Jika kita kaitkan dengan praja, analoginya masa equal treatment ini sama dengan masa pembinaan satuan muda praja. Pada tingkatan ini praja dianggap menjalani masa penanaman karena seluruh kegiatan diperlakukan sama. Pada masa penanaman ini kita juga memperlakukan praja dengan kegiatan yang bersifat tegas-mendidik. Hal ini dimaksudkan agar mentalitas dan disiplin praja dapat tertanam dengan baik. Dengan modal sikap disiplin yang tertanam dengan baik, proses pendidikan yang dijalani selama 4 (empat) tahun ke depan dapat berjalan lancar dan kondusif karena disiplin (discipline) telah menjadi karakter dasar (basic character) yang tertanam pada pribadi praja.

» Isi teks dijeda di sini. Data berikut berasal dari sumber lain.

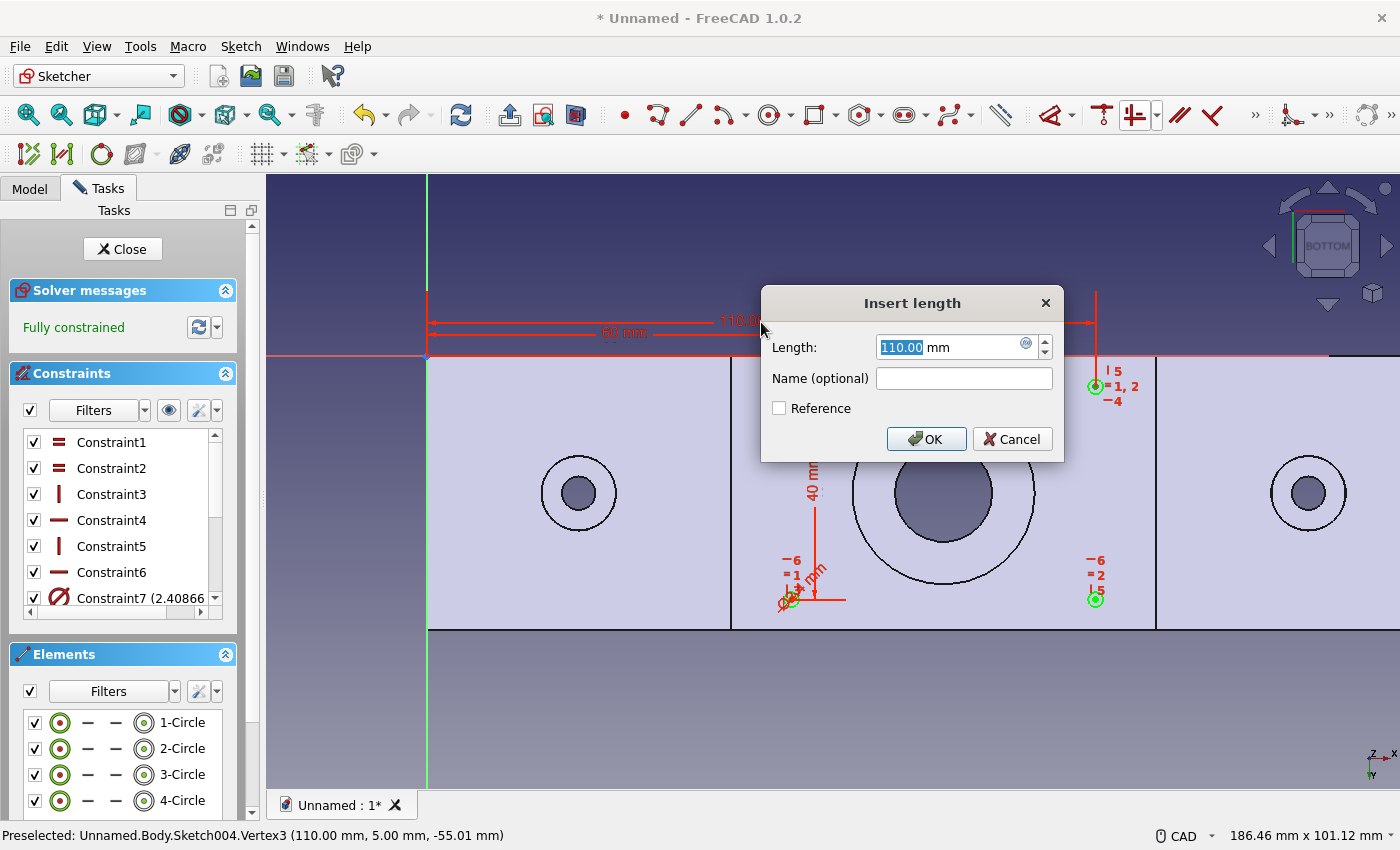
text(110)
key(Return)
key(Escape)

Dengan demikian dapat kita rumuskan karakteristik pola pengasuhan yang sesuai diterapkan pada tingkat Muda Praja, sebagai berikut :

1.     Muda Praja adalah masa penanaman yang sesuai untuk internalisasi bersifat doktrinal tentang idealisme yang kuat agar terbentuk mindset yang baik;

2.     Pola pembinaan (baik pemberian reward maupun punishment) harus dilakukan secara korsa untuk menumbuhkan semangat esprit de corps yang kuat;

3.     Sedapat mungkin tidak membiarkan celah kesalahan agar mereka senantiasa menaati aturan kapan pun dan di mana pun;

4.     Porsi pembinaan fisik (lari,push up,sit up,dll.) harus diberikan dengan jumlah yang besar agar terbentuk praja yang mempunyai kekuatan fisik dan postur tubuh yang baik;

5.     Proporsi aktualisasi diri cukup diberikan dengan perbandingan 20 : 80, di mana 20% diberikan pada mereka untuk mengaktualisasikan diri dan selebihnya (80%) ditentukan oleh pihak pengasuhan.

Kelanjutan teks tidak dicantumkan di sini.